The only thing People’s Century has underplayed so far is the impact of the massive rise of the corporations since 1950. We’ve let our global corporations get bigger than most of our governments in the last 60 years, so we shouldn’t be surprised when they take over our political systems, remove choice and competition at the top, and corruption and crony capitalism and corporate welfare result. I’m confident we’ll fix this imbalance in the future, but the first step is seeing the problem. People’s Century gets close in several of its episodes, but ultimately it misses on this critical point. I’m giving the series an 8.8 however. Ultimately it’s must-watch material.
*Finding People’s Century online isn’t easy at present. Episode 2, Killing Fields (WW I) is on Amazon Instant Video. A few more are online here. For now, to see all 26 you will have to go to the torrent or usenet sites (use an anonymizer of some type if you torrent, so your ISP doesn’t throttle your connection), or buy a creaky old VHS copy ($99 for the series) off Amazon or eBay.
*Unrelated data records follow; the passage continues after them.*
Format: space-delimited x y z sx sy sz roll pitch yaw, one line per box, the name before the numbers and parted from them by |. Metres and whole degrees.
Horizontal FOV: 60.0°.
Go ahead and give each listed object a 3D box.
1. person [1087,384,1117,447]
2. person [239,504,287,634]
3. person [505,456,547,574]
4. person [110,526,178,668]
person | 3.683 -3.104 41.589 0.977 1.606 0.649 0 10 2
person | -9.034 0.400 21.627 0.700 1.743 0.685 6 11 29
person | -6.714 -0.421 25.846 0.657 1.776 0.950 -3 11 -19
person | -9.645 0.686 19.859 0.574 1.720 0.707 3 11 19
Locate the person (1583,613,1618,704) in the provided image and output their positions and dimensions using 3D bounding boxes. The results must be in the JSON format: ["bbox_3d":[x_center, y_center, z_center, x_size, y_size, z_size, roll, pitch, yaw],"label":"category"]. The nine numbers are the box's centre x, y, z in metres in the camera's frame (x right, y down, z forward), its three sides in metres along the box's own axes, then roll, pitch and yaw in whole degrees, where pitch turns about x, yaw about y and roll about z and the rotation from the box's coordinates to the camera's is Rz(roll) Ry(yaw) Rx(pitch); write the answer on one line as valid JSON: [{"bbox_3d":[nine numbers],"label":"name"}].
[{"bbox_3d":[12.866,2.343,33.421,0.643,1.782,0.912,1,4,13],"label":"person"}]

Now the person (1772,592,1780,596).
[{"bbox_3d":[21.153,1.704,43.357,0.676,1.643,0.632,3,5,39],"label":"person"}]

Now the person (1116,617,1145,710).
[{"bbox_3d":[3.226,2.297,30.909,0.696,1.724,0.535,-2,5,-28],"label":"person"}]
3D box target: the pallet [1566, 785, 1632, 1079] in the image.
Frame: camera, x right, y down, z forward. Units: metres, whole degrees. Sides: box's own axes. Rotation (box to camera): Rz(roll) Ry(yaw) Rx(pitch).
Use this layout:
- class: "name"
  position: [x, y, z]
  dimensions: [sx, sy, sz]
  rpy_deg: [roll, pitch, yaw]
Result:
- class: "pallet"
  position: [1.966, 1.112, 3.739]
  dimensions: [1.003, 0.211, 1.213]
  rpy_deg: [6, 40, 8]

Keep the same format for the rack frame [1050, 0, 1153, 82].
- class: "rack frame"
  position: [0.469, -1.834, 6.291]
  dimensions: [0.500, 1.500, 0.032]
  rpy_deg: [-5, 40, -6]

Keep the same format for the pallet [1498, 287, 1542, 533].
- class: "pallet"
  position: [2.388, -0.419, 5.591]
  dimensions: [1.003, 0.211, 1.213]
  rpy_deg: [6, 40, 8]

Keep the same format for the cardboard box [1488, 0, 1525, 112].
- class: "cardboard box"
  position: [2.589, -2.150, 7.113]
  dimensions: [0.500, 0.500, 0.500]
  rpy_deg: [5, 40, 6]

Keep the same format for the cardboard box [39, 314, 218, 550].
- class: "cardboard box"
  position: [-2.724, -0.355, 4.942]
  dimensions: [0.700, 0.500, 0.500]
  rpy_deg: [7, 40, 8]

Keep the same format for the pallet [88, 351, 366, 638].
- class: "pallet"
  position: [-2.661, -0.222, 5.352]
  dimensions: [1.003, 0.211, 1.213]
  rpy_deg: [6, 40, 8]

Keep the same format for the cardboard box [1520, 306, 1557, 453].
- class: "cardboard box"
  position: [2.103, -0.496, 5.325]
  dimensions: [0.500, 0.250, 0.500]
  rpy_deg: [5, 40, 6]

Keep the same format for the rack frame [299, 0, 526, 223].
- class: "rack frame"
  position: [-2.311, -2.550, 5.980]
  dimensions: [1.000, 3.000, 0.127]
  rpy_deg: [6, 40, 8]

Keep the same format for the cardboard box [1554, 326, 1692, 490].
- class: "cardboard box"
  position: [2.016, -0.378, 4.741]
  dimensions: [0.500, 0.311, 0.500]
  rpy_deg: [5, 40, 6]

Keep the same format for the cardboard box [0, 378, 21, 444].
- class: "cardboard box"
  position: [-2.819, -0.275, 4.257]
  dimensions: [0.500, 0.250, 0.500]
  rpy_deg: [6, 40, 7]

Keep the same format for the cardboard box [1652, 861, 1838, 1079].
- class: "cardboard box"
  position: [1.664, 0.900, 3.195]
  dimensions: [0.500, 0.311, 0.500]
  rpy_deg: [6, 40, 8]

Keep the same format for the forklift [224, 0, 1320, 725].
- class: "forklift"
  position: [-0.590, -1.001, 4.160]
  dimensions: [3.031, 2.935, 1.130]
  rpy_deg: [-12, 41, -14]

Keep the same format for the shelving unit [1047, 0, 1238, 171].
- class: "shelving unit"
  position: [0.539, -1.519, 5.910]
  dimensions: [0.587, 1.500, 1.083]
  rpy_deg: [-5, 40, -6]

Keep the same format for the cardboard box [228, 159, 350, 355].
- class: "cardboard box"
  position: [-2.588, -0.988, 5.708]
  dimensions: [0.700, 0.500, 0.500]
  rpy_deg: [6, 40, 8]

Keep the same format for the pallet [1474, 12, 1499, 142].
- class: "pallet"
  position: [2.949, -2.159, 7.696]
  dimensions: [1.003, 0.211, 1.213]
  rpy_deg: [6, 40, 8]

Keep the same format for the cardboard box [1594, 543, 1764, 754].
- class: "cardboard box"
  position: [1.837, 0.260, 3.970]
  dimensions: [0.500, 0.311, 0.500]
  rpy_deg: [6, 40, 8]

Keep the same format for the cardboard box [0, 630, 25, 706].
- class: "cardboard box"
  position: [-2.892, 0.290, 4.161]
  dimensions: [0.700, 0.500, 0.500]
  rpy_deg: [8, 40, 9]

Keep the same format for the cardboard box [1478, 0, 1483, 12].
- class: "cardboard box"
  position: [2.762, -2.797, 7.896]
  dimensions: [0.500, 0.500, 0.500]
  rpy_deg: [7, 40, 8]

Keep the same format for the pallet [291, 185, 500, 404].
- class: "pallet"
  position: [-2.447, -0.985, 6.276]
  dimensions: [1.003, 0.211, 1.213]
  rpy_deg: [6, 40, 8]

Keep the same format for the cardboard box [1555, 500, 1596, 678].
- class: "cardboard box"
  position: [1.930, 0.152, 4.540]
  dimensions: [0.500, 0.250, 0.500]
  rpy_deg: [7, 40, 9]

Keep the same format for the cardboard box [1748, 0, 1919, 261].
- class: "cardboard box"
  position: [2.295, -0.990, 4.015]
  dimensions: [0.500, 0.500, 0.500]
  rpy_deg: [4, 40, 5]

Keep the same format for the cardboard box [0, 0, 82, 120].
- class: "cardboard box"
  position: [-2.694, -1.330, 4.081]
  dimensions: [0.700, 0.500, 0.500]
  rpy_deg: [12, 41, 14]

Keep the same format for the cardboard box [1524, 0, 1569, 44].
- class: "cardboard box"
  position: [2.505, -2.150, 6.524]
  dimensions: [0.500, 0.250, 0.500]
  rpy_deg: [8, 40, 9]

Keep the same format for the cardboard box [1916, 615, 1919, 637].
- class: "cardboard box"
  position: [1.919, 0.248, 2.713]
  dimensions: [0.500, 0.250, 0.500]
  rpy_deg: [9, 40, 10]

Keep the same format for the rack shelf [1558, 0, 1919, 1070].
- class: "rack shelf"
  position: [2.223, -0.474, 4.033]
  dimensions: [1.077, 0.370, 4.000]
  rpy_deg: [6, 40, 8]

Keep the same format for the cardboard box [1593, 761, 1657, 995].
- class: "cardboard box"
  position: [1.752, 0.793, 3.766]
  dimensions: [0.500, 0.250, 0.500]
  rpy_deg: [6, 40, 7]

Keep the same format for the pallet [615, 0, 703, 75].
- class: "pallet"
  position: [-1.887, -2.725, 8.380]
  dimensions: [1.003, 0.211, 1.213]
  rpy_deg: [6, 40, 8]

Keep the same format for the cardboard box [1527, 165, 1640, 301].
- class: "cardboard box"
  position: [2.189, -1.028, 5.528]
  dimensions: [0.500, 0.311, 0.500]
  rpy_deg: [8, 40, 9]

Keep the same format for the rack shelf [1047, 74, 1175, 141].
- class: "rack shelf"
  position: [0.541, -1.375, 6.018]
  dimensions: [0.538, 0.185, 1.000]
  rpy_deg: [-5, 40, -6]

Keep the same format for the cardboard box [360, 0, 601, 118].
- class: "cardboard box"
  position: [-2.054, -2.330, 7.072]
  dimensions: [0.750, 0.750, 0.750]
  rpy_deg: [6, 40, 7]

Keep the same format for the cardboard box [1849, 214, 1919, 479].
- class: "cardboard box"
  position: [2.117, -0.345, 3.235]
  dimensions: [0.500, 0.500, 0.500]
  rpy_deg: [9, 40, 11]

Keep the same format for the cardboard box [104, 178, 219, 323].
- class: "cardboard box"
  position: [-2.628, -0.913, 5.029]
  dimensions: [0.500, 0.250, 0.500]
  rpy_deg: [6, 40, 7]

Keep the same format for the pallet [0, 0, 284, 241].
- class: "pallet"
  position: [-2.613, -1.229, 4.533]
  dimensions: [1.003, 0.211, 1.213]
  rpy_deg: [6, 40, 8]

DVDs don’t appear to be available at any price. As I’ve written in How the Television Will be Revolutionized, until reasonably priced digital educational video emerges (and we all know what reasonable is), you should have no qualms going to the internets for this, as long as you are willing to pay the price, as in all conflict. Be a soldier in the war for global access to affordable quality educational video!
Objections? Additions? Omissions? Let me know. I hope you can find time to watch the series, it’s amazing.